The Second Appellate District found no merit in any of the claims and affirmed the judgment in full. The court found that the trial court acted well within its discretion when it decided alter ego claims in phase one. Further, the court found no merit in the election of remedies argument, either as it relates to prejudgment interest or anything else. View "Reliant Life Shares, LLC v. Cooper" on Justia Law
Scott v. Vantage Corp
The plaintiffs filed suit asserting federal securities claims. The Third Circuit affirmed summary judgment in favor of the defendants The district court subsequently performed a Federal Rule 11 inquiry mandated by the Private Securities Litigation Reform Act of 1995 (PSLRA) and determined that the plaintiffs violated Rule 11 but did not award attorneys’ fees or impose any other sanctions.The Third Circuit held that the plaintiffs violated Rule 11 in bringing their federal securities claims by filing for an improper purpose. The plaintiffs expressly stated that their “strategy was to file these complaints to force a settlement.” In addition, their Unregistered Securities and Misrepresentation Claims lacked factual support in violation of Rule 11(b)(3). The plaintiffs had a reasonable basis for their Rule 10b-5 Securities Fraud Claim. The court vacated in part. The PSLRA creates a presumption in favor of awarding attorneys’ fees when a complaint constitutes a “substantial failure” to comply with Rule 11 but the district court did not err in finding that the Rule 11 violations were not substantial. Nonetheless, the PSLRA makes the imposition of sanctions mandatory after a court determines that a party violated Rule 11, so the court abused its discretion in declining to impose any form of sanctions.
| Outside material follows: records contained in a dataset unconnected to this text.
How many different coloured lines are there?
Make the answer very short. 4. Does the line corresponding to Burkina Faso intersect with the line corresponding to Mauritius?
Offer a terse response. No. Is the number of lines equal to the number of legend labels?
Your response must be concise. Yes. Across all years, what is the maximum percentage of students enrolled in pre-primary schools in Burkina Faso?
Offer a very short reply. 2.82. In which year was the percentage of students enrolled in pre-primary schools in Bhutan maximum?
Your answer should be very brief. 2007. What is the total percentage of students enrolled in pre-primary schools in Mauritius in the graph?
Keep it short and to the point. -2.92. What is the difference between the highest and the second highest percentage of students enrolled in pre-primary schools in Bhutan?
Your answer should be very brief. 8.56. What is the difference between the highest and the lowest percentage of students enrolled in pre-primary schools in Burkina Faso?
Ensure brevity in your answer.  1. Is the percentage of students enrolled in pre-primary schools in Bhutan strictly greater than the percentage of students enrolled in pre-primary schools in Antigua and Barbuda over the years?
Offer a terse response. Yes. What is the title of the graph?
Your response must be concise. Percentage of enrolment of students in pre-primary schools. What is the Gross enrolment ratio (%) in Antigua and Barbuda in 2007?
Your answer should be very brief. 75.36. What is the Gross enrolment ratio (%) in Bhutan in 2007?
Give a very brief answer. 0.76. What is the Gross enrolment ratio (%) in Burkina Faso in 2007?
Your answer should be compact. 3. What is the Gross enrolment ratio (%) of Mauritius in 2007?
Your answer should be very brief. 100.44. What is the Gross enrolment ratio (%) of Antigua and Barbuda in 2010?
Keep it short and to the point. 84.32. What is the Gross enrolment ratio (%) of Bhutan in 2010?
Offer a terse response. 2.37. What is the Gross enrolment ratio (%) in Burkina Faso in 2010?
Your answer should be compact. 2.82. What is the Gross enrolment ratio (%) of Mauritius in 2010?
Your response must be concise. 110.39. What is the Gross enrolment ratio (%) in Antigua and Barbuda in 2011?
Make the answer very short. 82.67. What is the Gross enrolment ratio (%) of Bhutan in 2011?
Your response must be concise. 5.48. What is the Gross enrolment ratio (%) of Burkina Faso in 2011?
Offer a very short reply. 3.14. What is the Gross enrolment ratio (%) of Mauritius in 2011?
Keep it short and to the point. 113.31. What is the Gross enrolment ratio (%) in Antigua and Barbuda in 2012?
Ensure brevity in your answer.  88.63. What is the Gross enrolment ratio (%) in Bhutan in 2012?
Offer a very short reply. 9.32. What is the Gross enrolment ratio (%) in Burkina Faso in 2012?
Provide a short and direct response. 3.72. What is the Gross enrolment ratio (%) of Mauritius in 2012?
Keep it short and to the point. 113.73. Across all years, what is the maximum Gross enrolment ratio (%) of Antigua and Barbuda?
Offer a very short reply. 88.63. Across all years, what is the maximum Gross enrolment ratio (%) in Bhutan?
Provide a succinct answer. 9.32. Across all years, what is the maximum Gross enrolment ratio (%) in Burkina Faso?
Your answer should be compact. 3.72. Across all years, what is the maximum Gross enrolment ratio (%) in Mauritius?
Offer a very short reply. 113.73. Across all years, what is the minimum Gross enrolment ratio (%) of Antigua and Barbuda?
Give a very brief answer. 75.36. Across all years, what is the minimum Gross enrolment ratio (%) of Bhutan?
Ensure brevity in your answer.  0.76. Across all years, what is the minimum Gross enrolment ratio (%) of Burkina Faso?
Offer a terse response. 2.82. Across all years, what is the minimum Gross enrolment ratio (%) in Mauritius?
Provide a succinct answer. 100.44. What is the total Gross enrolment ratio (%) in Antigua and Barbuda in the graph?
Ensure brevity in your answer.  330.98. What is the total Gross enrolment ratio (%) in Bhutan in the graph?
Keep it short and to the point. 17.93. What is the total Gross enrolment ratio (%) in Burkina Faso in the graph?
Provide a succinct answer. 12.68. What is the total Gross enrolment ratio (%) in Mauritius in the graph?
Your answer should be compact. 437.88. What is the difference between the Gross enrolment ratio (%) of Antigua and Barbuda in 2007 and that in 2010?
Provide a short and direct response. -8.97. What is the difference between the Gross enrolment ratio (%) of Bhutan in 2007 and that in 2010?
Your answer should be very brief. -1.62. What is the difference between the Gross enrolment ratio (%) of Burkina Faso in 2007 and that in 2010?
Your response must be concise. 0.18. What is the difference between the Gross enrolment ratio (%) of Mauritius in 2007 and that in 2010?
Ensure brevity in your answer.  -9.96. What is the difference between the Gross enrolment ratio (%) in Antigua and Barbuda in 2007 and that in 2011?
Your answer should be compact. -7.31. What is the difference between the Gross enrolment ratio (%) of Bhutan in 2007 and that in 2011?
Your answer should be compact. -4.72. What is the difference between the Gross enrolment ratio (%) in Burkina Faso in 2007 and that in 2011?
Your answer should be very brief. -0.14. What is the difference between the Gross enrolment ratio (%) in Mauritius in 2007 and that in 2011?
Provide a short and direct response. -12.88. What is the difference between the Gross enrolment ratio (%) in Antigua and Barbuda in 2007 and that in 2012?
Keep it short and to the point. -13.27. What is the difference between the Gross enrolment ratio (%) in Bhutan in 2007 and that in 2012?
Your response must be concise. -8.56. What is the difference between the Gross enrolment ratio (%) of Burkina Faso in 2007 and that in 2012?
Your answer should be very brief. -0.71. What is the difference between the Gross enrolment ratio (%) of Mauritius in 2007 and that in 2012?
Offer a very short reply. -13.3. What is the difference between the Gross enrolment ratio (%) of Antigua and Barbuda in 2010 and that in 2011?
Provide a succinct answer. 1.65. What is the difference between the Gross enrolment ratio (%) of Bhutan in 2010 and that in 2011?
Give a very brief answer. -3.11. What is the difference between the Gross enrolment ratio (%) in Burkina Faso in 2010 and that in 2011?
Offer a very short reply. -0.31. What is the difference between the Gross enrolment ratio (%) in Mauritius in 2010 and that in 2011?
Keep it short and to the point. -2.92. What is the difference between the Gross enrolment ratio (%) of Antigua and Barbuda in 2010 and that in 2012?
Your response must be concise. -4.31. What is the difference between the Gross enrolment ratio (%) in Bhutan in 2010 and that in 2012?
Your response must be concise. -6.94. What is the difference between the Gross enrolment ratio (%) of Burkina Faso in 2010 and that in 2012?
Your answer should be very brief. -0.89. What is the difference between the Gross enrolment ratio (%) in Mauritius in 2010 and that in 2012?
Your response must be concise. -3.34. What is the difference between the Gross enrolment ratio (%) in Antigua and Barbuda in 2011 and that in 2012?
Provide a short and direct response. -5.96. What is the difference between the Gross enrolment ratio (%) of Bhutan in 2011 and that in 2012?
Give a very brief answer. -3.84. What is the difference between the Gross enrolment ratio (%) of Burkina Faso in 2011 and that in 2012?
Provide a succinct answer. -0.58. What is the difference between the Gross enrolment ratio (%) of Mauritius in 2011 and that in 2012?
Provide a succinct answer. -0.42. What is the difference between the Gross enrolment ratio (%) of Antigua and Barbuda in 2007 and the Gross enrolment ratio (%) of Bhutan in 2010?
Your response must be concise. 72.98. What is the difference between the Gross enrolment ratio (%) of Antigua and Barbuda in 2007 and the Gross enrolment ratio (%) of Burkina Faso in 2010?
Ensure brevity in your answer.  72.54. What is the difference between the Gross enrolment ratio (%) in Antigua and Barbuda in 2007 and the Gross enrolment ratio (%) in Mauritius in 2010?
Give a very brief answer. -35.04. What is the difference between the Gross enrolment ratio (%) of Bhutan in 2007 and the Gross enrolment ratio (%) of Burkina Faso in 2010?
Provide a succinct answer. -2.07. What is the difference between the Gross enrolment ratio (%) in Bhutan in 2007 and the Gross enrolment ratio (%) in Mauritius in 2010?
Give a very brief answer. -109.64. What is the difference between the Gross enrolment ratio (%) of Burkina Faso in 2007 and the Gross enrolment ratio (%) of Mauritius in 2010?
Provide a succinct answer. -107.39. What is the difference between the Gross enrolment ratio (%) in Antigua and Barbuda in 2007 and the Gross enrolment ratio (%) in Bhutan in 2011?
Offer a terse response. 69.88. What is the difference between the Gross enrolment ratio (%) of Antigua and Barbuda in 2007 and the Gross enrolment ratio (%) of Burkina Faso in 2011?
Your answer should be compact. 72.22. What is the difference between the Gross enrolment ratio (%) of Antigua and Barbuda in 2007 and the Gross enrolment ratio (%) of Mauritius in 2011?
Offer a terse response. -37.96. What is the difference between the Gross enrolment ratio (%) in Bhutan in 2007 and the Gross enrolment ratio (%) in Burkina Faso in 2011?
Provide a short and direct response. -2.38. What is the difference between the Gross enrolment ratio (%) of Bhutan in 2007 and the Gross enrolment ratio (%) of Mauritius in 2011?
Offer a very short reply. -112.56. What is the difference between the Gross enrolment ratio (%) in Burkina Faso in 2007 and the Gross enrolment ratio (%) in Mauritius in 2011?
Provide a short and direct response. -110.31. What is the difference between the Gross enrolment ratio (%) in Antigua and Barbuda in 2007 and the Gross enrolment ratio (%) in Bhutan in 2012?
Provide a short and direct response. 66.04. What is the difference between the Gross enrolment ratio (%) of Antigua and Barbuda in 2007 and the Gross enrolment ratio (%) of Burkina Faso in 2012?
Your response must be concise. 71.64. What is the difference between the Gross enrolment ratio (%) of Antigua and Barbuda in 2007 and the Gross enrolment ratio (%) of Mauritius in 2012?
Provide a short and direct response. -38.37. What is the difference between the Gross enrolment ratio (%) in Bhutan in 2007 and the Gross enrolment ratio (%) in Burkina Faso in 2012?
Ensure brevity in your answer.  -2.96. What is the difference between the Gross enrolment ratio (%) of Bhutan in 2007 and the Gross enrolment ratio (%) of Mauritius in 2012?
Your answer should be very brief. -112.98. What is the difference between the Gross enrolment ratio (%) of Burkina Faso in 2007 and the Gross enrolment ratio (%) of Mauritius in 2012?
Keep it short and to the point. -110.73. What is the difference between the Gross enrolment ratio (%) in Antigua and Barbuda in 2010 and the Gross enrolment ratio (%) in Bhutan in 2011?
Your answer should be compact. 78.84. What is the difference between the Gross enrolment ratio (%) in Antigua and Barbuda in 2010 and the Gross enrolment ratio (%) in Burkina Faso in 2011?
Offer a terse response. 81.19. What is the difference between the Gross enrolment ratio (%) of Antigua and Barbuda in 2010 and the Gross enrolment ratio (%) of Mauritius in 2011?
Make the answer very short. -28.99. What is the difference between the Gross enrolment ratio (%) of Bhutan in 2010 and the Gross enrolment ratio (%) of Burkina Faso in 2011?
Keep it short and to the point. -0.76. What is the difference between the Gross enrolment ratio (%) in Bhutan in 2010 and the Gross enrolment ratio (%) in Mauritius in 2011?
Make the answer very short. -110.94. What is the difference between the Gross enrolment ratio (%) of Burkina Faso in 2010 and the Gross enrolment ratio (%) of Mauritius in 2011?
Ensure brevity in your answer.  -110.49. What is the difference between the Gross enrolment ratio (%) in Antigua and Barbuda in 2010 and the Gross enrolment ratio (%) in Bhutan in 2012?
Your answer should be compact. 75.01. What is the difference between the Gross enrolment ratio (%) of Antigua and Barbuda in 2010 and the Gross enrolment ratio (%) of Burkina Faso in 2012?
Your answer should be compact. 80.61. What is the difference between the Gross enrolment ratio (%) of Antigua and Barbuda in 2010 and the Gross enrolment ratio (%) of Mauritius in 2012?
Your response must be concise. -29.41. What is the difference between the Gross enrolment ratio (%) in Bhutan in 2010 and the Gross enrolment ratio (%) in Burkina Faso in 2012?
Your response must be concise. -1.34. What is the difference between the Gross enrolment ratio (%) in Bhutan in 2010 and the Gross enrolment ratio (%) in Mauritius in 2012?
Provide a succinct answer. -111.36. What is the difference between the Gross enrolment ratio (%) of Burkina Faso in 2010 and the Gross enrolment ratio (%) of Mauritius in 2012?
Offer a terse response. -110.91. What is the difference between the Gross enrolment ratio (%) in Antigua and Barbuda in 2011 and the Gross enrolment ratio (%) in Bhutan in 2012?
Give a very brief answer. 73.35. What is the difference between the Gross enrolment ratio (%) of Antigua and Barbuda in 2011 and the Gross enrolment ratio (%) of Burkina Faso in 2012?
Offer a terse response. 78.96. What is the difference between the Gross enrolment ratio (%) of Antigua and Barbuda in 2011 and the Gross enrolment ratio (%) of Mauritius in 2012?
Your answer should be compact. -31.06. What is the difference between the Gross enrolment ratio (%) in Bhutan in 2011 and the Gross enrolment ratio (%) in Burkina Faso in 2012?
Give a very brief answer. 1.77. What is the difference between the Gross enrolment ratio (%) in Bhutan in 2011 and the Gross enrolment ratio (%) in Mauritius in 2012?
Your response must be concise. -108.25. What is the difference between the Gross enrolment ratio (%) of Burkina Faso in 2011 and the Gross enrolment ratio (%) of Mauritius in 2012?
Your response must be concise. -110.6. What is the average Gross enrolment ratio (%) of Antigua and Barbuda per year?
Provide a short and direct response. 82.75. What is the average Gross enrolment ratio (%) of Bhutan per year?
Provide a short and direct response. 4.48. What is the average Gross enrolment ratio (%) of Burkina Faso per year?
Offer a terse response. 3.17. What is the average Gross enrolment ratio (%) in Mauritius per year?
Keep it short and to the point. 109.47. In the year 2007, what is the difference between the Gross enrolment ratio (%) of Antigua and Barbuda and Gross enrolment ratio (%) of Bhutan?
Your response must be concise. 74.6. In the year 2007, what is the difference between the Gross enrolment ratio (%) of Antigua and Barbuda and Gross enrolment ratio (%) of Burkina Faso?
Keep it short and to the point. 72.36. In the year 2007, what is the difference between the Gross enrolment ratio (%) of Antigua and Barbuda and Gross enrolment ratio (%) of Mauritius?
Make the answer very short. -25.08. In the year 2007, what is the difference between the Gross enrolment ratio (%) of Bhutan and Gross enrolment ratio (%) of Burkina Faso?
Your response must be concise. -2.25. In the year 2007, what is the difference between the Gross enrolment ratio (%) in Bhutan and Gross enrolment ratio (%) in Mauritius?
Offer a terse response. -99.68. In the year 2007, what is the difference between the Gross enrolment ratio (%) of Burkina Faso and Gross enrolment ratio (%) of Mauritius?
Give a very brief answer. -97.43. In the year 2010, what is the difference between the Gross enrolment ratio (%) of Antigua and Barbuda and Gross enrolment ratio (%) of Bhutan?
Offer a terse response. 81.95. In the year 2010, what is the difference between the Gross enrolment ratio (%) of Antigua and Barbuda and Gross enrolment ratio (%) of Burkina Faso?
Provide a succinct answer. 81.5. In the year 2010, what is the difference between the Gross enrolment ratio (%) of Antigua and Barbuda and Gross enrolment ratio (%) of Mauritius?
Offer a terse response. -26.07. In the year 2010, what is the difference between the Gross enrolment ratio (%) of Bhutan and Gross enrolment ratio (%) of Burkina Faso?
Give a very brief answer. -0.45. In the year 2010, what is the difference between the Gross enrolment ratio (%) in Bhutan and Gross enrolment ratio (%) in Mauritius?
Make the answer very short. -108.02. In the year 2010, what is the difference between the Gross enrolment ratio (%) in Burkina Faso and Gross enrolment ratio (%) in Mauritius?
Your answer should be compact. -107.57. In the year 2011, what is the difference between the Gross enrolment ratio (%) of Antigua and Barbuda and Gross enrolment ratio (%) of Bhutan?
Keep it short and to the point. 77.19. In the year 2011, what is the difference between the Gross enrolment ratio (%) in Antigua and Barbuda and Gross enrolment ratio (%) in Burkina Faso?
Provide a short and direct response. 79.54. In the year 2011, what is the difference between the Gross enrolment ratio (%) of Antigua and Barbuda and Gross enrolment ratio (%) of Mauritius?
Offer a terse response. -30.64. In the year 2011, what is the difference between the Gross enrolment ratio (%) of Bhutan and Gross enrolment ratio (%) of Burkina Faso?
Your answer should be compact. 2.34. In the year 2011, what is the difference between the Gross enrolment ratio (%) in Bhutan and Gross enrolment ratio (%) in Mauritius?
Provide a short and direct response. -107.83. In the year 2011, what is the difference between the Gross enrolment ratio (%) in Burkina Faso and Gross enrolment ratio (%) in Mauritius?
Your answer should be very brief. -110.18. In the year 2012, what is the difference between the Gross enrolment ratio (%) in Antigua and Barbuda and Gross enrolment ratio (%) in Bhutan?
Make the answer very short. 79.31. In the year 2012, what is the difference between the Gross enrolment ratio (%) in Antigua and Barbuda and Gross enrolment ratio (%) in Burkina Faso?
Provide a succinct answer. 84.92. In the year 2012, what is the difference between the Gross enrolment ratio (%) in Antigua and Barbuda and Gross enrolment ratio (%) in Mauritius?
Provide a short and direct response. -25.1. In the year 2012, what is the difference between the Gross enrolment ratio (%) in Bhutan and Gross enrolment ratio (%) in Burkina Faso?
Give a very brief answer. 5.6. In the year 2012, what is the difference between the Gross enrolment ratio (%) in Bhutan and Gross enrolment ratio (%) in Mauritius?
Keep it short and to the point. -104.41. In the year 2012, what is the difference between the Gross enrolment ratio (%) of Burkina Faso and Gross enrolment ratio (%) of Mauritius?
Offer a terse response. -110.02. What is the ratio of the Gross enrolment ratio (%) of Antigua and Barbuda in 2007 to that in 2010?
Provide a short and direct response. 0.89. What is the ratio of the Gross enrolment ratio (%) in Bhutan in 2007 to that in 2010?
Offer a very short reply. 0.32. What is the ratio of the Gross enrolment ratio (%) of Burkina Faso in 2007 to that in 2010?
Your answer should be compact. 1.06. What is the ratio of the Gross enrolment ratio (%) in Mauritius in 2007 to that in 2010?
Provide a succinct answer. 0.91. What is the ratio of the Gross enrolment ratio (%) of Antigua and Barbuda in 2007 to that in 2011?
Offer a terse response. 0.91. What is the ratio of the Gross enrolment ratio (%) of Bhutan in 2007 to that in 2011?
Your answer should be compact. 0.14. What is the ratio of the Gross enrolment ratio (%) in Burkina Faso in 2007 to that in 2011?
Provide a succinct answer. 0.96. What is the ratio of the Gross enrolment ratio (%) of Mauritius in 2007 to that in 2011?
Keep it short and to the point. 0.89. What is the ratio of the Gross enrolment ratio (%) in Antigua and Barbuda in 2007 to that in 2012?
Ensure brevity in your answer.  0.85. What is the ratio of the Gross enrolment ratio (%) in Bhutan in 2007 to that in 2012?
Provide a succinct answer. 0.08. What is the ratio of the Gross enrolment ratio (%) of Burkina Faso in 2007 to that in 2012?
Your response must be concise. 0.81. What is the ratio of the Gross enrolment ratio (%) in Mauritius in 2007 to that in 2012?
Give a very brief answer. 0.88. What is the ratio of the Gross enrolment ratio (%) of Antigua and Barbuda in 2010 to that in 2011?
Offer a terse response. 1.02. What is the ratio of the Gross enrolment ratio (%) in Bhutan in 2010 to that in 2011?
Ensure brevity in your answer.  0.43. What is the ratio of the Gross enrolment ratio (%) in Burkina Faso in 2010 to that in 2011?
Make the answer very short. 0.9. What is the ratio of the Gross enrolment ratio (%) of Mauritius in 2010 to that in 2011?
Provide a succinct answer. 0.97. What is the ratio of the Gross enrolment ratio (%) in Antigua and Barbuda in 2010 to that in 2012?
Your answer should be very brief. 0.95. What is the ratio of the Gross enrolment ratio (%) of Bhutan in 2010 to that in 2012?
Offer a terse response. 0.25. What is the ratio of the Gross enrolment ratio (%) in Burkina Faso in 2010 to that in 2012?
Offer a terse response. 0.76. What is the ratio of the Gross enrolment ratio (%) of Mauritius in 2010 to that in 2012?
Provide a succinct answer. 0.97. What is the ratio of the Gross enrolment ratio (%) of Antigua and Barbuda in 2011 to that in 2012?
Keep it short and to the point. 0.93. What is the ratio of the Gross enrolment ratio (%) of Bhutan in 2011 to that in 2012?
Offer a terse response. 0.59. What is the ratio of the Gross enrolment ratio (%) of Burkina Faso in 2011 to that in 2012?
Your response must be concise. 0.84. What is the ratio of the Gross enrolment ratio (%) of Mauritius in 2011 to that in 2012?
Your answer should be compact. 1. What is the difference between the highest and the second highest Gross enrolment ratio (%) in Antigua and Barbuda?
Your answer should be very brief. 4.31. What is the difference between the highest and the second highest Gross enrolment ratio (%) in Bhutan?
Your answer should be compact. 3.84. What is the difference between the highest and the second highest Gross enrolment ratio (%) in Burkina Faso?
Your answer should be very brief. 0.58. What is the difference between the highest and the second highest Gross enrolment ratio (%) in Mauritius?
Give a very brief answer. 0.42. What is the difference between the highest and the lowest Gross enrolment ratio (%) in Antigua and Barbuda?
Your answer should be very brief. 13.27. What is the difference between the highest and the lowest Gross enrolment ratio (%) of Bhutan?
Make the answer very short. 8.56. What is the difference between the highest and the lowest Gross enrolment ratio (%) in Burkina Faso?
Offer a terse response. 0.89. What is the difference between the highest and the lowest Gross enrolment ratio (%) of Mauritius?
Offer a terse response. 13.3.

View "Scott v. Vantage Corp" on Justia Law
Lewis v. Acuity Real Estate Services, LLC
Acuity operates a website that connects people looking to buy or sell homes with a local real estate agent. Acuity’s services are free to home buyers and sellers but realtors pay a fee for referrals. The real-estate broker that employed Lewis, a real estate agent, signed up to receive Acuity’s referrals. The broker required its agents (including Lewis) to pay Acuity’s fee out of their commissions from home sales. Lewis sued, alleging that Acuity makes false claims to home buyers and sellers on its website and that this false advertising violates the Lanham Act, 15 U.S.C. 1125(a)(1)(B).The Sixth Circuit affirmed the dismissal of the suit. The Lanham Act provides a cause of action only for businesses that suffer commercial injuries (such as lost product sales) from the challenged false advertising. The Act does not provide a cause of action for customers who suffer consumer injuries (such as the cost of a defective product) from false advertising. Lewis alleges that type of consumer harm as his injury from Acuity’s allegedly false advertising: He seeks to recover the referral fee (that is, the price) he paid for Acuity’s services. View "Lewis v. Acuity Real Estate Services, LLC" on Justia Law
Ogus v. SportTechie, Inc.
In 2012, Ogus cofounded the SportTechie website. Bloom volunteered as a writer. Eventually, both quit their other jobs. They formed an LLC with Bloom a 55.5% member, and Ogus a 45.5% member and sole manager. They hired Kaufman. Vintage and Oak View made financial investments. In 2016-2017 Ogus converted SportTechie from an LLC to a Delaware corporation and appointed three directors: Bloom, a Vintage representative, and Bodie, Oak View’s designee. A stockholders agreement gave SportTechie the right to repurchase Ogus’s equity interest if he were terminated. Bloom—SportTechie’s CEO— recommended firing Ogus for poor performance. A quorum of the board authorized the termination of his employment. SportTechie exercised its option to repurchase Ogus’s stock.A chancellor dismissed Ogus's fiduciary duty and fraud claims challenging the stock repurchase and subsequently granted Bodie and Oak View summary judgment on a fraud claim, breach of fiduciary duty claims, an aiding and abetting claim, and a civil conspiracy claim. Those defendants had limited, innocuous roles in the relevant events. Bodie’s decision to sign the consent terminating Ogus is protected by the business judgment rule; there is no evidence of bad faith or self-interest. With no underlying breach of fiduciary duty claim, the aiding and abetting claim against Oak View and the civil conspiracy claim against Oak View and Bodie necessarily fail. As to Bloom and Kaufman, questions of material fact remain, precluding summary judgment on fraud, breach of fiduciary duty, and civil conspiracy claims. View "Ogus v. SportTechie, Inc." on Justia Law
Kluver, et al. v. SGJ Holdings, et al.
Defendants appealed a judgment and order denying their motion for a new trial after a jury found in favor of plaintiffs on their claims of breach of contract, conversion, deceit, defamation, and unlawful interference with business. The district court quieted title in plaintiff Seven Star Holdings. Defendants argued: (1) the court erred by failing to decide whether a joint venture existed and in quieting title; (2) there was insufficient evidence supporting the jury verdict on the claims of breach of contract, conversion, defamation, and unlawful interference with business; and (3) the verdict violated the law of comparative fault. After review, the North Dakota Supreme Court affirmed, concluding defendants waived their arguments on joint venture, quiet title, breach of contract, and comparative fault; and the court did not abuse its discretion in determining the verdict was not manifestly against the weight of the evidence and rejecting the defendants’ new trial motion. View "Kluver, et al. v. SGJ Holdings, et al." on Justia Law
Craftwood II, Inc. v. Generac Power Systems, Inc.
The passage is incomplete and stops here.